Due to the aforementioned I/O substitutability, it is reasonable to doubt the accuracy of the final training results. Here borrow the data of the original text to illustrate.

04Management of cache

In the previous description, when only part of the data was cached, Quiver would iterate over the file index again during the training of an EPOCH. In order to get a better hit ratio in this subsequent iteration, another portion of the data must be pre-fetched into the cache.

Quiver solves this problem by caching two chunks of the entire dataset. First, the summary index file of the data set is divided into chunks of fixed data. For example, each chunk contains 10% of the data, and each chunk represents a striped partition. For example, we define the continuous 10% of the data set as a partition, and each partition is divided into 10 stripe units. Thus, each chunk will contain one unit of all partitions.

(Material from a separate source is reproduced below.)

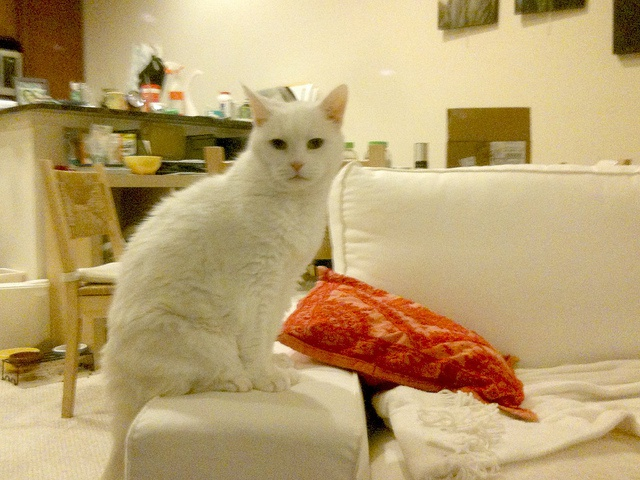Describe the objects in this image and their specific colors. I can see couch in olive and tan tones, cat in olive and tan tones, chair in olive and tan tones, dining table in olive and tan tones, and chair in olive and tan tones in this image.

In this way, when the training task operates on the first chunk, the second chunk will be loaded into the cache. Therefore, when part of the training task completes the first traverse and starts the second one, the data will already be in the cache and the training task will run in a progressive manner.

One potential problem is when to swap out the first chunk. If the swap is too fast and part of the task is not completed, the cache will be invalidated, and if it is left too long, the third chunk will not be able to load in. In Quiver, when the second chunk is loaded into the cache, the first chunk is marked as purgable, and new tasks can get hit data from the second chunk. The original tasks still run on the first chunk, and when all tasks have traversed the first chunk, the data will actually be cleared from the cache, and the third chunk of data will start loading.

In the process of the above, if a certain training mission slower compared to the other a lot, so will lead to the previous one cannot release the chunk, generally speaking, in the same training model of multiple tasks and each task of the training time is basically the same, but cannot be avoided in a number of different training model training scenario of the same data set. However, if a task obviously takes a long time, it means that the training time of each Mini-batch on GPU is very long, that is, it is not sensitive to I/O performance, so the cache miss will not affect the training efficiency much. So Quiver sets a threshold to force the first chunk to fail and clear.

05Effect of cache

The author compares the effects through the following configuration environment. From the actual data, the training performance has indeed been greatly improved.

Timeline of Mini-batches

Throughput increase

06conclusion

In deep learning scenarios, more attention is paid to improving computing and network performance, while for storage, existing solutions are utilized, such as manually loading data to SSDS close to the GPU in advance. Through Quiver, the author of this paper provides an automated means to eliminate the storage bottleneck. Of course, the intrusion into the training framework is unavoidable, but Quiver is able to sense the nature of the training I/O so that it can significantly increase cache utilization even if the cache can only hold part of the data.